[The data Boundary: Start]

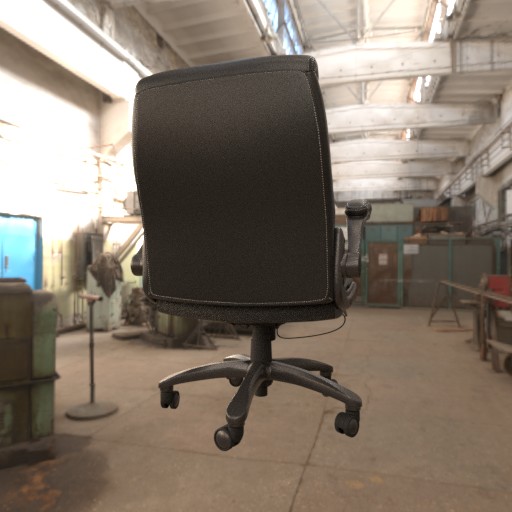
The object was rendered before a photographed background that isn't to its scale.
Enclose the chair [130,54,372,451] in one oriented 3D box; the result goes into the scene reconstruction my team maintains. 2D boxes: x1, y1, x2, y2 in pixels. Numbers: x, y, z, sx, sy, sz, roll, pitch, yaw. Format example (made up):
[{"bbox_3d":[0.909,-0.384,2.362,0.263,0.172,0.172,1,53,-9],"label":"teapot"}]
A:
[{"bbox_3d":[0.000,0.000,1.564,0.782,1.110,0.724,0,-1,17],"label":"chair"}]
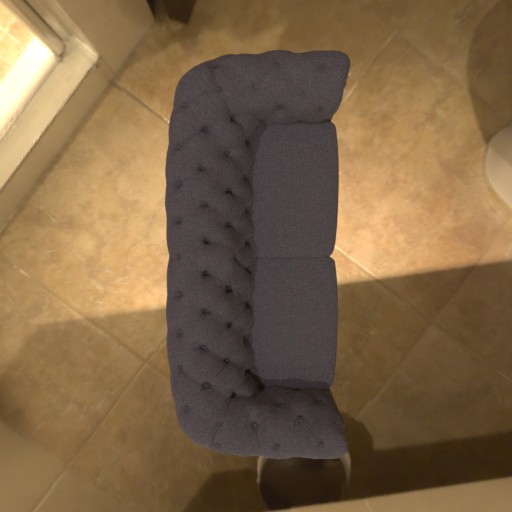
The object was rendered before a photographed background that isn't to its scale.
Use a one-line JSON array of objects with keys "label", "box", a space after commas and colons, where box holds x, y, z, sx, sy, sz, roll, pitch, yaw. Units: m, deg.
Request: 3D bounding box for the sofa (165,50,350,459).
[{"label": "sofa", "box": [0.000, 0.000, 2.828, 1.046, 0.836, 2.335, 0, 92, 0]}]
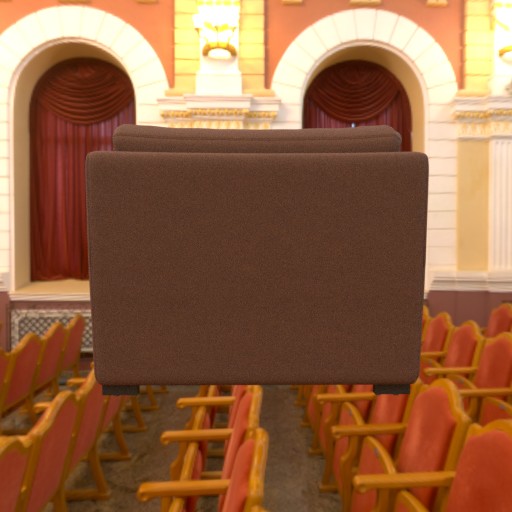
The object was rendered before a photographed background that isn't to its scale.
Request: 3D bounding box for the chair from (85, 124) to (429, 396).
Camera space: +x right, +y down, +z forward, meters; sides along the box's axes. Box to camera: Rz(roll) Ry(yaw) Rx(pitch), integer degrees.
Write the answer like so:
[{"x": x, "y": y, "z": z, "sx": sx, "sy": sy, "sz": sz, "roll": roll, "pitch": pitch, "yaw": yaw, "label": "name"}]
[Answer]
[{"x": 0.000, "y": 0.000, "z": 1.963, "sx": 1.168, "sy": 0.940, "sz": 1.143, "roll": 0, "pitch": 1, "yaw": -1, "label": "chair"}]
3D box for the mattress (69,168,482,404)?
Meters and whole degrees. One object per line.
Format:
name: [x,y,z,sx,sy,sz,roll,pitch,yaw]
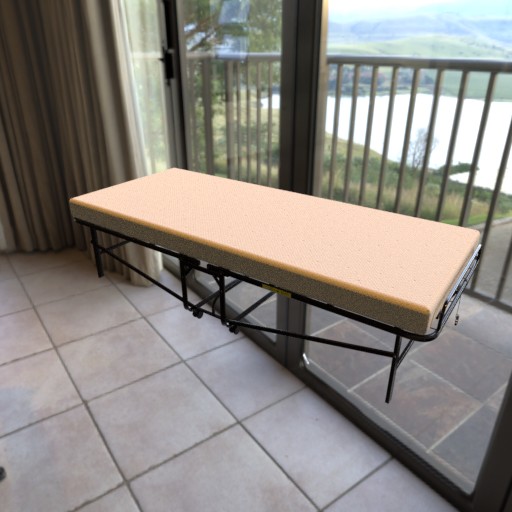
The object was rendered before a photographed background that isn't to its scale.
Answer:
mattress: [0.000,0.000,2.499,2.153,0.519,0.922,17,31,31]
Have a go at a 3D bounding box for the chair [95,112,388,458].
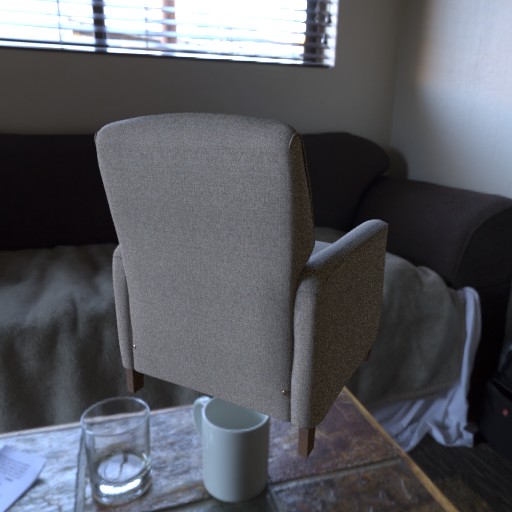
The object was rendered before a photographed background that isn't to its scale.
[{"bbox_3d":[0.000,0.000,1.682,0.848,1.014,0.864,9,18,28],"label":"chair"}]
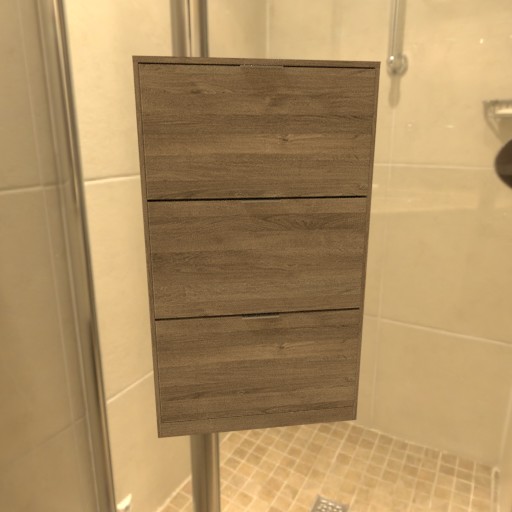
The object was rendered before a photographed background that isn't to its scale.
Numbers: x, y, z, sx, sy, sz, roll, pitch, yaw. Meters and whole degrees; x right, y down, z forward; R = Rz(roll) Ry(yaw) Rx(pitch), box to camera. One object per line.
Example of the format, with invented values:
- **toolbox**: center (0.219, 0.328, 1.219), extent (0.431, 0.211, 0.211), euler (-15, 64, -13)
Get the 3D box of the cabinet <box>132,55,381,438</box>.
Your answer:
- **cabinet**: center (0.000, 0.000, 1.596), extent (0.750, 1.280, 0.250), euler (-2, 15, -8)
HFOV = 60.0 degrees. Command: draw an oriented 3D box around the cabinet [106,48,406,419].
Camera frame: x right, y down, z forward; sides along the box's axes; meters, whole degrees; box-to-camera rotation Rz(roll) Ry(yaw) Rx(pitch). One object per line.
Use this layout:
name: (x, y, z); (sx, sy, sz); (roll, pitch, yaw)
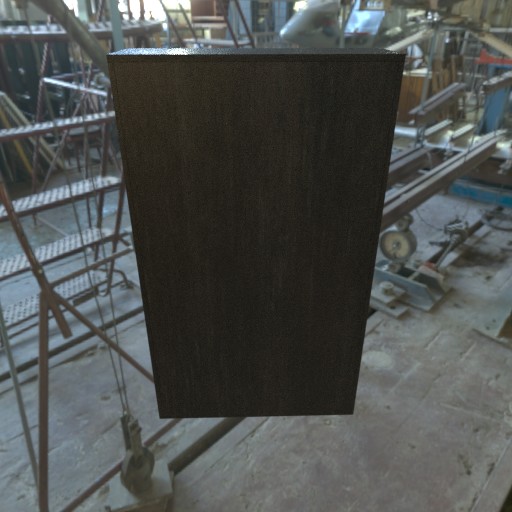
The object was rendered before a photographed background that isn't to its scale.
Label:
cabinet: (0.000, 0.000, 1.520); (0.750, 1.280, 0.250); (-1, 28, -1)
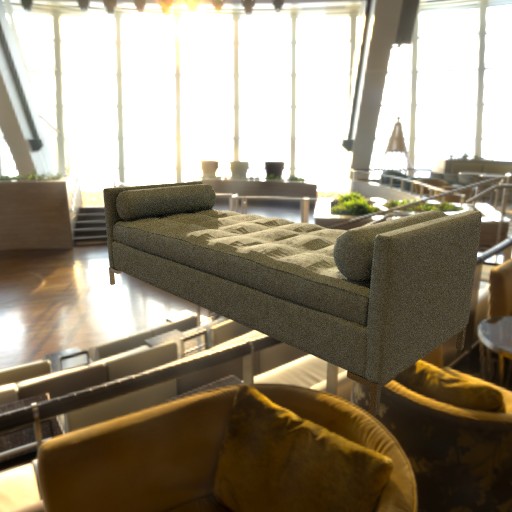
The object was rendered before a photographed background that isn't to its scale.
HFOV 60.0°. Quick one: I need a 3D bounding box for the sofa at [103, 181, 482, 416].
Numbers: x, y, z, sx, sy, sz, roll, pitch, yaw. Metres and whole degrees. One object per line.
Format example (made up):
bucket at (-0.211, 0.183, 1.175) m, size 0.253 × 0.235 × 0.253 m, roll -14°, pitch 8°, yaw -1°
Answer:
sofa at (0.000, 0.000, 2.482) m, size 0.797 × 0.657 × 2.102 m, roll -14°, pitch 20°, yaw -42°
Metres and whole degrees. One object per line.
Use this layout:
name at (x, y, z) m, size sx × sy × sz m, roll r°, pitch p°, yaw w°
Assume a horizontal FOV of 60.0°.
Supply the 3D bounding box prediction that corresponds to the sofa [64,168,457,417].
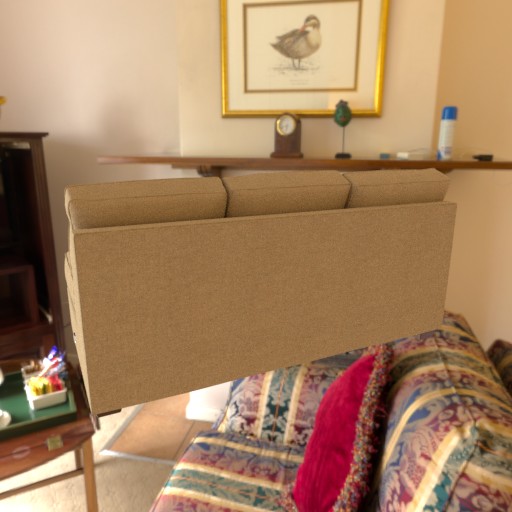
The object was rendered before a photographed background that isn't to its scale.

[The data Boundary: End]
[The data Boundary: Start]

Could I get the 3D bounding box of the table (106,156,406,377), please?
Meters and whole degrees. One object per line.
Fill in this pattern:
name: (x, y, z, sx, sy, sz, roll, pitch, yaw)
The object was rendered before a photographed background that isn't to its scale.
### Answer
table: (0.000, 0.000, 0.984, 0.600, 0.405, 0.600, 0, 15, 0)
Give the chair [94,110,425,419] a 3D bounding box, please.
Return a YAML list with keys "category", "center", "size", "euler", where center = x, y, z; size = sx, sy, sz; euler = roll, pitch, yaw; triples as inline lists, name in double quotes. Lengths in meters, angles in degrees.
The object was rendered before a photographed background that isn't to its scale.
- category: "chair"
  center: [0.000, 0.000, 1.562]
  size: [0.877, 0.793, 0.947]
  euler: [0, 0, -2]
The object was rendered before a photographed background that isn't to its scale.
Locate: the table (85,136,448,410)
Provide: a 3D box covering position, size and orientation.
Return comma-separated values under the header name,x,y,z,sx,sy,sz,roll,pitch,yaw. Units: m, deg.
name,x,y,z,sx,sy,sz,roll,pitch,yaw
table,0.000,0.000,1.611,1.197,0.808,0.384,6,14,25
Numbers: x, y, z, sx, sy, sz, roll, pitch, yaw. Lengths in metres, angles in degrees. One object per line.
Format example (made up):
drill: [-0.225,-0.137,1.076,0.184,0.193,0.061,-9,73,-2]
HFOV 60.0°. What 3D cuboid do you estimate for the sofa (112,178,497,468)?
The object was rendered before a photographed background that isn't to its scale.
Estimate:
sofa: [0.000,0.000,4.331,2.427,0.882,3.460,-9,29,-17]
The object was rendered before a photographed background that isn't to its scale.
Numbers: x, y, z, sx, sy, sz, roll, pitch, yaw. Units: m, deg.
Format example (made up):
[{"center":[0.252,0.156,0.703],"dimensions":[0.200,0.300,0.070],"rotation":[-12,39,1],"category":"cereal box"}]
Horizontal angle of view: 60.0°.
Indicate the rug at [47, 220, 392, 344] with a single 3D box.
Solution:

[The data Boundary: End]
[The data Boundary: Start]

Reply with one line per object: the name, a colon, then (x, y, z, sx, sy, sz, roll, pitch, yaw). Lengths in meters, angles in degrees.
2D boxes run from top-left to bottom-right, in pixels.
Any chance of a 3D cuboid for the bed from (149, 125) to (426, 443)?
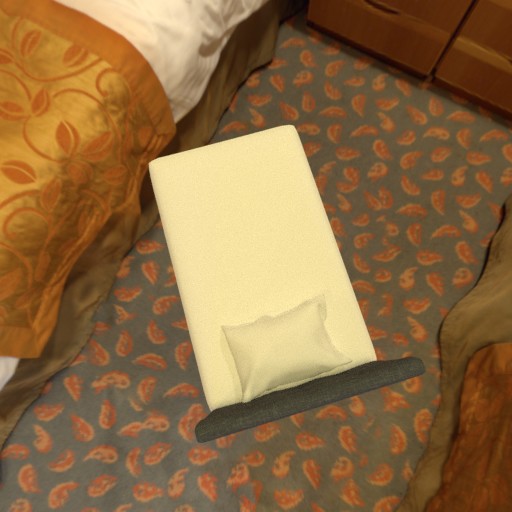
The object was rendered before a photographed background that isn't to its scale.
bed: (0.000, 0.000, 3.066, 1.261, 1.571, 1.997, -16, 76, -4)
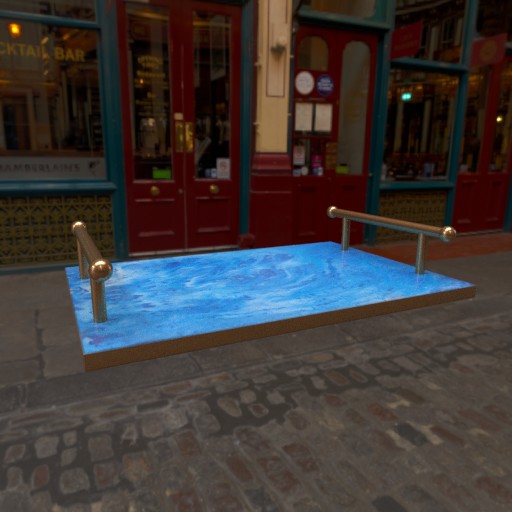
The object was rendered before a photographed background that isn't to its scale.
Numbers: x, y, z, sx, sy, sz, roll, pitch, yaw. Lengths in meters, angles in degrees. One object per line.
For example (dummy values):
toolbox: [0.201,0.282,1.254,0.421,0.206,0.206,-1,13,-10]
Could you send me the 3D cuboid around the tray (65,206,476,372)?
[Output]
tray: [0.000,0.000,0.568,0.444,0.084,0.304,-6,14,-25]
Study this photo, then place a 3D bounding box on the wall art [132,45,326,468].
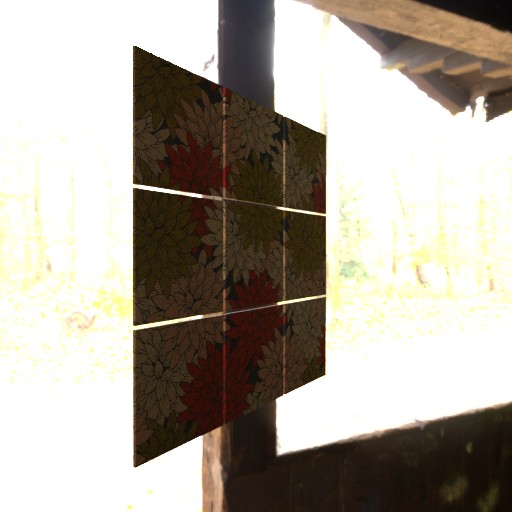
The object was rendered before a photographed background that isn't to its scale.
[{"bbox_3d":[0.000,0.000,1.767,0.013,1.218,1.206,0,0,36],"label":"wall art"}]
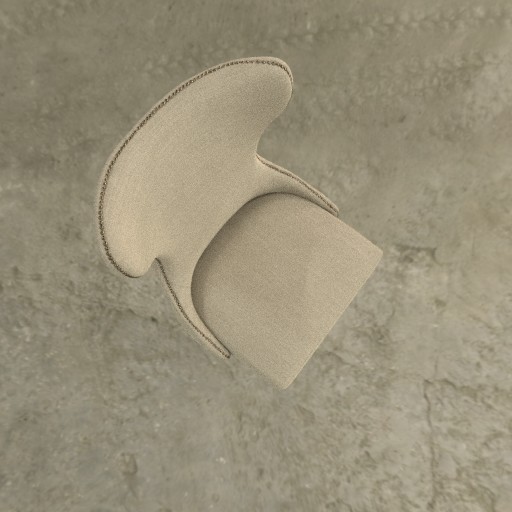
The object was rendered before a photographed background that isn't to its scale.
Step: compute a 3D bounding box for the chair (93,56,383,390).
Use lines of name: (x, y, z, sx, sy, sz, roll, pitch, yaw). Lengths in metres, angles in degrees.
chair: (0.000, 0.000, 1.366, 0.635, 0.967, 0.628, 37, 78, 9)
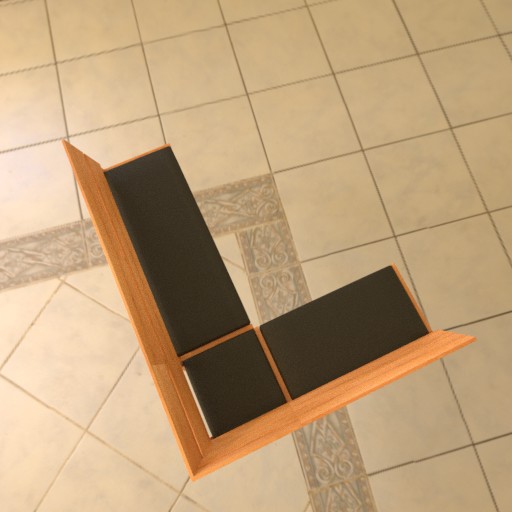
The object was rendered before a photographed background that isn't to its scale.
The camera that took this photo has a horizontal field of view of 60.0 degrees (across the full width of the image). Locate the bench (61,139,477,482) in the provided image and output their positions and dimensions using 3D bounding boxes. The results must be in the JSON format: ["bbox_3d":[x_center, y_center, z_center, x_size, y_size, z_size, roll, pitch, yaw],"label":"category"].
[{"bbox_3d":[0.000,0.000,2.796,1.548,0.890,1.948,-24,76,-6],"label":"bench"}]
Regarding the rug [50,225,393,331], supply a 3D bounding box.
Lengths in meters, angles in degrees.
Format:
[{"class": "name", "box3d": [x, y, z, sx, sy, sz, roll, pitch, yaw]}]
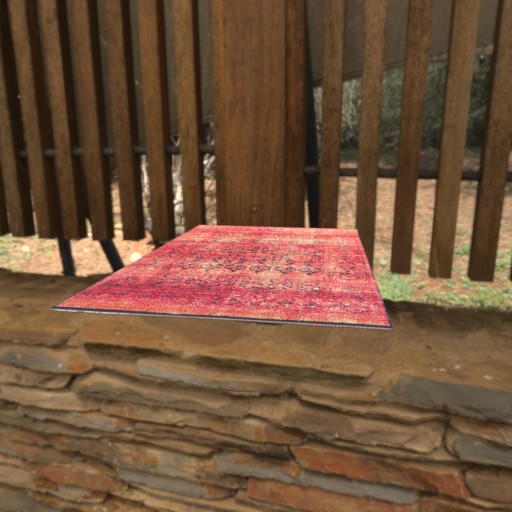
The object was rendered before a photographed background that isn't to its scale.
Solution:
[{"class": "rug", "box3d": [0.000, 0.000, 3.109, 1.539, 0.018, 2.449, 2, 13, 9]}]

[The data Boundary: End]

Exercise description: Go through the entries and count the lines where the word "axes" appears; give only the count.

Expected answer: 2